Historiker begrüßen Öffnung der Vatikan-Archive zu Pius XII.

"Alle Mosaiksteine zugänglich gemacht"

Historiker begrüßen die Ankündigung von Papst Franziskus, die Akten für die Amtszeit von Papst Pius XII. vollständig freizugeben. Dies werde zu einem nuancenreicheren und detaillierteren Bild führen.

Blick in die Räume des Archives im Vatikan (KNA)
Blick in die Räume des Archives im Vatikan / ( KNA )

Das sagte der Berliner Historiker Michael F. Feldkamp dem Online-Portal "Kirche+Leben" aus Münster (Freitag): "Wir werden vor allem sehr viel mehr feststellen können, wer ihn versucht hat zu beeinflussen."

Auch werde hoffentlich klar, was der Papst von der Judenvernichtung und anderen Ereignissen gewusst habe und was nicht, so Feldkamp, der 2018 eine Biografie von Pius XII. veröffentlicht hat. Ebenso könnten nun viele Hintergründe deutlicher werden, etwa die Beziehungen des Vatikan zu Japan während des Zweiten Weltkriegs.

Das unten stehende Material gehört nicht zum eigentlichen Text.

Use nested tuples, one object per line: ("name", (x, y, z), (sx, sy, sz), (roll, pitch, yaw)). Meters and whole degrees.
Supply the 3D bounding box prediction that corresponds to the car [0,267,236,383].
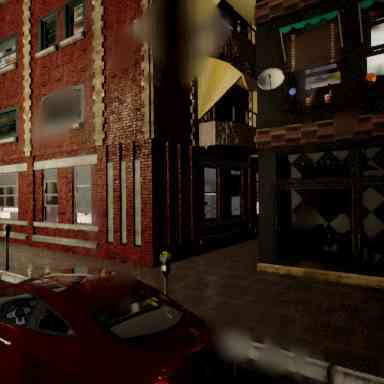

"Keine grundstürzenden Erkenntnisse"

Nach dem japanischen Angriff im Dezember 1941 auf den US-Militärstützpunkt Pearl Harbour hätte Japan den Heiligen Stuhl um die Aufnahme diplomatischer Beziehungen gebeten. Diesem Wunsch sei Pius XII. trotz der Einwände der US-Regierung gefolgt. "Da können wir schauen, welche Motive Pacelli oder die Kurie wirklich umgetrieben haben", sagte Feldkamp.

Auch der Bochumer Kirchenhistoriker Florian Bock begrüßte die Öffnung der Archive. Damit würden "alle Mosaiksteine zum großen Bild über Papst Pius XII." der Fachöffentlichkeit zugänglich gemacht, sagte er der katholischen Wochenzeitung "Neues Ruhrwort" (Samstag). Zugleich zeigte er sich überzeugt, dass das Bild von Pius XII. nur noch durch Details ergänzt wird: "Es wird keine grundstürzenden Erkenntnisse geben."

"Retten statt Reden"

Prägend für das öffentliche Bild von Pius XII. ist das 1963 uraufgeführte Theaterstück "Der Stellvertreter" von Rolf Hochhuth.

Darin wirft der Schriftsteller dem Papst vor, in der NS-Zeit zu wenig gegen den Mord an den Juden getan zu haben. Historiker zeichneten später ein differenzierteres Bild. Pius XII. habe sich die Maxime "Retten statt Reden" zu eigen gemacht und damit beispielsweise 80 Prozent der römischen Juden vor dem Tod bewahrt, so der ehemalige Leiter der Kommission für Zeitgeschichte, Karl-Joseph Hummel.